To do
Restate word for word the lines of the records below, starting at the line that contains "1) plant pot (16,0,194,93)" and ending at the line that contains "15) sneaker (80,257,252,351)", with both of those lines included and nothing else.
----- Given data
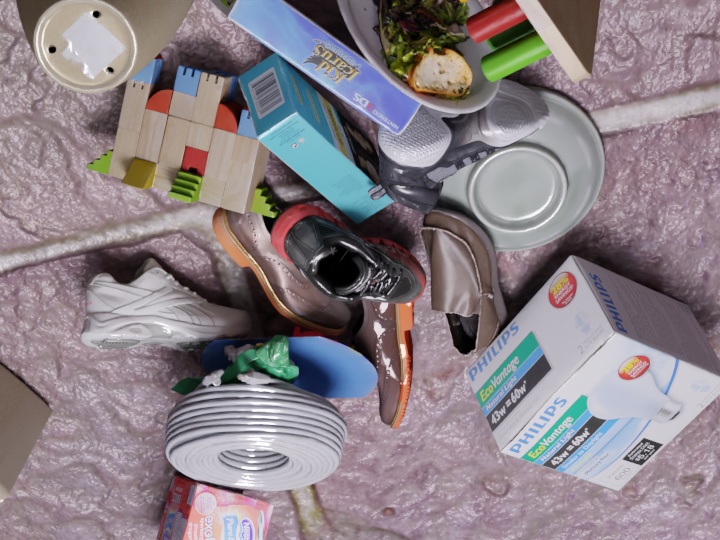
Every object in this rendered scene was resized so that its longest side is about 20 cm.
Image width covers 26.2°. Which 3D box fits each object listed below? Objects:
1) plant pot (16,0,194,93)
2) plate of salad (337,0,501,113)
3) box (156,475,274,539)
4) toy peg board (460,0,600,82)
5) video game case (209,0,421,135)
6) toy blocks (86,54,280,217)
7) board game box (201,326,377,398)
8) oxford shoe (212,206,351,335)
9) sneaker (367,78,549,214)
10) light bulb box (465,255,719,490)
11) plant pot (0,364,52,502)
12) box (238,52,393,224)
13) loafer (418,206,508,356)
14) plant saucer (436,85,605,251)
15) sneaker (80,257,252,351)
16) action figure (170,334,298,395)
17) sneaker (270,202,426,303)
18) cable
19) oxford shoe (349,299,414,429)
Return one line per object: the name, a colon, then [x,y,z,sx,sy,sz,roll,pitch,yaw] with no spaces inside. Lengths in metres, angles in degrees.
plant pot: [-0.242,-0.253,1.434,0.185,0.201,0.189,-1,123,-2]
plate of salad: [0.062,-0.239,1.456,0.199,0.202,0.048,30,137,-20]
box: [-0.174,0.302,1.791,0.094,0.200,0.104,17,80,-13]
toy peg board: [0.131,-0.290,1.436,0.097,0.201,0.199,-23,123,30]
video game case: [-0.051,-0.216,1.475,0.199,0.181,0.046,33,98,-21]
toy blocks: [-0.165,-0.146,1.567,0.198,0.100,0.138,16,101,10]
board game box: [-0.078,0.094,1.725,0.197,0.039,0.158,-3,151,16]
oxford shoe: [-0.070,-0.005,1.671,0.073,0.072,0.200,-28,121,34]
sneaker: [0.094,-0.124,1.564,0.198,0.076,0.114,-16,150,-28]
light bulb box: [0.261,0.117,1.711,0.199,0.125,0.199,20,122,-36]
plant pot: [-0.494,0.179,1.721,0.198,0.200,0.178,-29,109,16]
box: [-0.042,-0.129,1.547,0.049,0.083,0.200,-30,145,16]
loafer: [0.110,0.017,1.679,0.072,0.071,0.201,8,138,37]
plant saucer: [0.164,-0.096,1.641,0.197,0.050,0.202,-1,124,-1]
sneaker: [-0.210,0.035,1.698,0.198,0.101,0.078,4,164,-30]
action figure: [-0.118,0.112,1.663,0.117,0.055,0.200,19,154,-19]
sneaker: [0.000,0.000,1.601,0.199,0.098,0.071,25,106,-37]
cable: [-0.111,0.181,1.665,0.198,0.070,0.200,17,149,-28]
oxford shoe: [0.024,0.087,1.749,0.072,0.071,0.202,1,113,2]
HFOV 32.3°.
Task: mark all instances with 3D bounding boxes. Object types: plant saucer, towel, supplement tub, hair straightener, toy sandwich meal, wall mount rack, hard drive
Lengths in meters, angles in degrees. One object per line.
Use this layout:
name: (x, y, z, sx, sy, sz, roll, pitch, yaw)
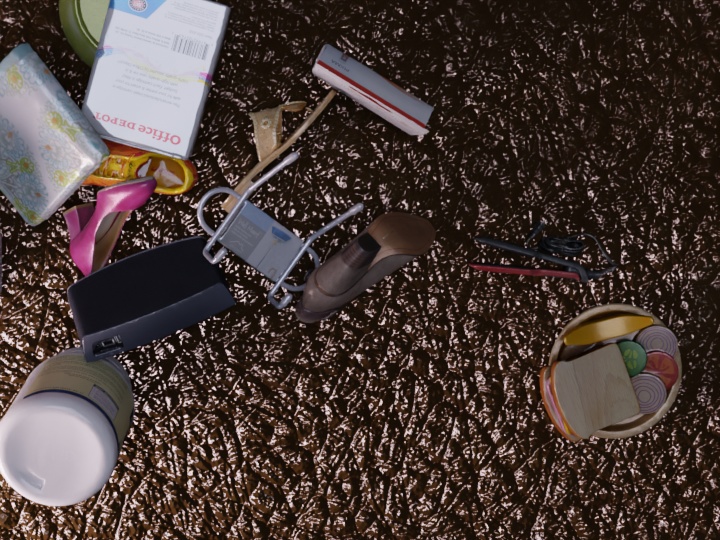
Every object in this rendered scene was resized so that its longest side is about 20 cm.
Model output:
plant saucer: (-0.293, -0.345, 1.612, 0.200, 0.031, 0.200, 0, 94, -3)
towel: (-0.413, -0.165, 1.554, 0.171, 0.048, 0.200, 50, 133, -5)
supplement tub: (-0.361, 0.187, 1.546, 0.145, 0.200, 0.145, 0, 108, -1)
hair straightener: (0.248, -0.028, 1.665, 0.200, 0.041, 0.077, 7, 94, -4)
toy sandwich meal: (0.340, 0.140, 1.668, 0.205, 0.070, 0.206, 0, 94, -4)
wall mount rack: (-0.102, -0.054, 1.592, 0.200, 0.075, 0.174, 37, 89, -29)
hard drive: (-0.273, 0.030, 1.588, 0.200, 0.135, 0.042, -22, 136, -8)

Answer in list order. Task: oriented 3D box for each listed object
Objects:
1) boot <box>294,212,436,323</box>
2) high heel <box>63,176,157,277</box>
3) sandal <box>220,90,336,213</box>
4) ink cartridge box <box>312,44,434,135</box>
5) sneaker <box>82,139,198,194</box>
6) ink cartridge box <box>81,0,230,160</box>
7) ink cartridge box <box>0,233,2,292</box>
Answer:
boot: (0.000, 0.000, 1.624, 0.070, 0.200, 0.146, 53, 125, 17)
high heel: (-0.308, -0.054, 1.565, 0.200, 0.067, 0.096, -20, 89, 40)
sandal: (-0.126, -0.173, 1.613, 0.070, 0.078, 0.212, 40, 96, -8)
ink cartridge box: (0.018, -0.230, 1.556, 0.162, 0.200, 0.050, 31, 91, -6)
sneaker: (-0.310, -0.140, 1.602, 0.200, 0.077, 0.073, 4, 95, -3)
ink cartridge box: (-0.258, -0.254, 1.565, 0.144, 0.085, 0.200, 16, 96, -7)
ink cartridge box: (-0.565, -0.006, 1.543, 0.200, 0.176, 0.084, 1, 94, -4)
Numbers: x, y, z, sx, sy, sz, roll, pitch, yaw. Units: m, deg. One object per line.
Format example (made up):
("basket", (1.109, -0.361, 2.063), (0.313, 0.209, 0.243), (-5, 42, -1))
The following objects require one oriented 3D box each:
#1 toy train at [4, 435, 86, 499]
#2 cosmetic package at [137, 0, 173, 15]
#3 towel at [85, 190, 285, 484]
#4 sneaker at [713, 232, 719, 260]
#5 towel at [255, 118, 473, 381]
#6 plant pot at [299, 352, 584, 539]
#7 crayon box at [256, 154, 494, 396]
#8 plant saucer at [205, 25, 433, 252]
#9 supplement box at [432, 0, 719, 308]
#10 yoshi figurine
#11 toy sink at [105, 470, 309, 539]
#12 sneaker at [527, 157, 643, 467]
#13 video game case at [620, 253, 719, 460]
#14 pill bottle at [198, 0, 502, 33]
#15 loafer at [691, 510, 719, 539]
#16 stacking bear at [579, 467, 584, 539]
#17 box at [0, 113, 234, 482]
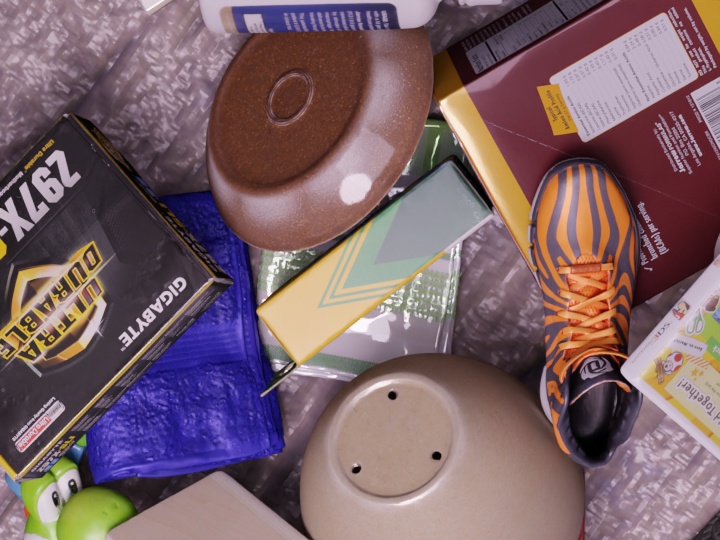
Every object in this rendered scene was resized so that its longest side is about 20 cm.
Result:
("toy train", (-0.281, 0.085, 1.649), (0.199, 0.085, 0.116), (25, 111, -1))
("cosmetic package", (-0.092, -0.276, 1.591), (0.199, 0.071, 0.106), (-31, 97, 6))
("towel", (-0.133, 0.043, 1.604), (0.147, 0.049, 0.202), (-8, 83, -26))
("sneaker", (0.304, 0.026, 1.527), (0.104, 0.075, 0.201), (-26, 130, -8))
("towel", (0.002, -0.016, 1.645), (0.148, 0.031, 0.202), (8, 98, 0))
("plant pot", (0.040, 0.137, 1.536), (0.199, 0.135, 0.202), (-8, 63, 16))
("crayon box", (0.000, 0.000, 1.573), (0.200, 0.126, 0.052), (-39, 92, 5))
("plant saucer", (-0.039, -0.113, 1.563), (0.201, 0.200, 0.037), (-51, 135, 8))
("supplement box", (0.178, -0.096, 1.561), (0.199, 0.133, 0.198), (-29, 106, 6))
("yoshi figurine", (-0.184, 0.228, 1.621), (0.111, 0.113, 0.201), (-12, 115, 11))
("toy sink", (-0.093, 0.269, 1.586), (0.112, 0.130, 0.201), (-27, 131, -28))
("sneaker", (0.154, 0.033, 1.470), (0.077, 0.112, 0.202), (-7, 108, -1))
("video game case", (0.282, 0.045, 1.462), (0.182, 0.023, 0.200), (-49, 130, 3))
("pill bottle", (-0.005, -0.215, 1.502), (0.198, 0.111, 0.112), (-1, 98, 5))
("loafer", (0.273, 0.222, 1.653), (0.199, 0.075, 0.070), (-36, 107, 11))
("stacking bear", (0.060, 0.202, 1.636), (0.198, 0.114, 0.122), (0, 90, 8))
("box", (-0.210, 0.018, 1.554), (0.200, 0.049, 0.160), (-44, 76, 9))
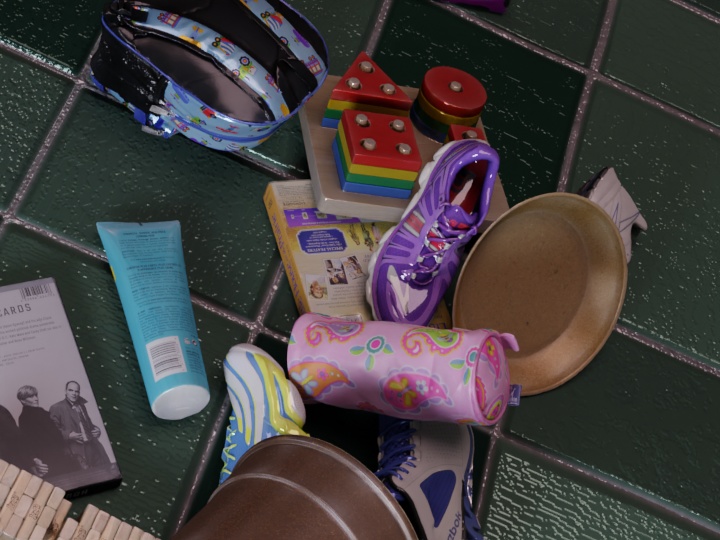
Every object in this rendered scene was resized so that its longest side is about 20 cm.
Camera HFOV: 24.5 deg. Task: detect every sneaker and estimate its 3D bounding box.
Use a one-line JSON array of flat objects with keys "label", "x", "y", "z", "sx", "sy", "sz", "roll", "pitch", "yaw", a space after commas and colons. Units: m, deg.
[{"label": "sneaker", "x": 0.231, "y": -0.021, "z": 1.674, "sx": 0.087, "sy": 0.074, "sz": 0.200, "roll": 44, "pitch": 55, "yaw": -4}, {"label": "sneaker", "x": 0.068, "y": -0.032, "z": 1.528, "sx": 0.080, "sy": 0.083, "sz": 0.202, "roll": 24, "pitch": 85, "yaw": -15}, {"label": "sneaker", "x": -0.092, "y": 0.159, "z": 1.417, "sx": 0.104, "sy": 0.076, "sz": 0.201, "roll": -18, "pitch": 66, "yaw": -30}, {"label": "sneaker", "x": 0.042, "y": 0.179, "z": 1.427, "sx": 0.115, "sy": 0.080, "sz": 0.201, "roll": 24, "pitch": 45, "yaw": -46}]

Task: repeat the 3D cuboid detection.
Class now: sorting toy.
[{"label": "sorting toy", "x": 0.047, "y": -0.138, "z": 1.650, "sx": 0.197, "sy": 0.070, "sz": 0.200, "roll": 6, "pitch": 42, "yaw": -18}]

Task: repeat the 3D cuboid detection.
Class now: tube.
[{"label": "tube", "x": -0.180, "y": 0.034, "z": 1.478, "sx": 0.077, "sy": 0.051, "sz": 0.202, "roll": 1, "pitch": 53, "yaw": -26}]

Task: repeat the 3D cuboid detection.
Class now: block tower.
[{"label": "block tower", "x": -0.241, "y": 0.210, "z": 1.318, "sx": 0.199, "sy": 0.054, "sz": 0.058, "roll": 30, "pitch": 59, "yaw": -9}]

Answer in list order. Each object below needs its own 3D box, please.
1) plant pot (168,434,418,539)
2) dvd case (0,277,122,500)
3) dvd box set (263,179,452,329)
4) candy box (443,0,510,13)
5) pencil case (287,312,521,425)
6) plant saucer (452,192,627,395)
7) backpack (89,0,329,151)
[{"label": "plant pot", "x": -0.084, "y": 0.257, "z": 1.251, "sx": 0.200, "sy": 0.201, "sz": 0.198, "roll": 45, "pitch": 41, "yaw": 12}, {"label": "dvd case", "x": -0.301, "y": 0.107, "z": 1.400, "sx": 0.149, "sy": 0.025, "sz": 0.202, "roll": -10, "pitch": 62, "yaw": -27}, {"label": "dvd box set", "x": 0.000, "y": 0.000, "z": 1.589, "sx": 0.145, "sy": 0.029, "sz": 0.202, "roll": -5, "pitch": 59, "yaw": -26}, {"label": "candy box", "x": 0.106, "y": -0.397, "z": 1.882, "sx": 0.135, "sy": 0.061, "sz": 0.202, "roll": 9, "pitch": 54, "yaw": -16}, {"label": "pencil case", "x": 0.035, "y": 0.083, "z": 1.423, "sx": 0.198, "sy": 0.088, "sz": 0.088, "roll": 3, "pitch": 45, "yaw": 29}, {"label": "plant saucer", "x": 0.164, "y": 0.019, "z": 1.573, "sx": 0.198, "sy": 0.203, "sz": 0.035, "roll": -9, "pitch": 22, "yaw": -27}, {"label": "backpack", "x": -0.139, "y": -0.201, "z": 1.603, "sx": 0.199, "sy": 0.135, "sz": 0.183, "roll": 36, "pitch": 52, "yaw": 5}]
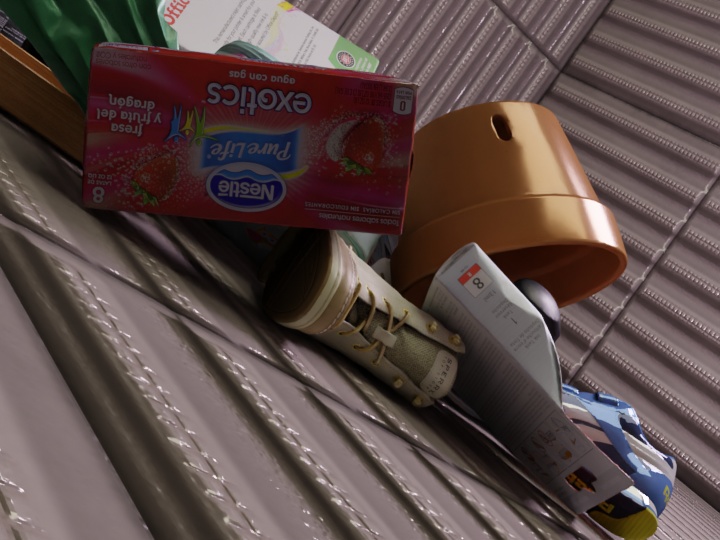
----------
Answer box
1) plant pot (16,0,194,93)
2) plate of salad (337,0,501,113)
3) box (156,475,274,539)
4) toy peg board (460,0,600,82)
5) video game case (209,0,421,135)
6) toy blocks (86,54,280,217)
7) board game box (201,326,377,398)
8) oxford shoe (212,206,351,335)
9) sneaker (367,78,549,214)
10) light bulb box (465,255,719,490)
11) plant pot (0,364,52,502)
12) box (238,52,393,224)
13) loafer (418,206,508,356)
14) plant saucer (436,85,605,251)
15) sneaker (80,257,252,351)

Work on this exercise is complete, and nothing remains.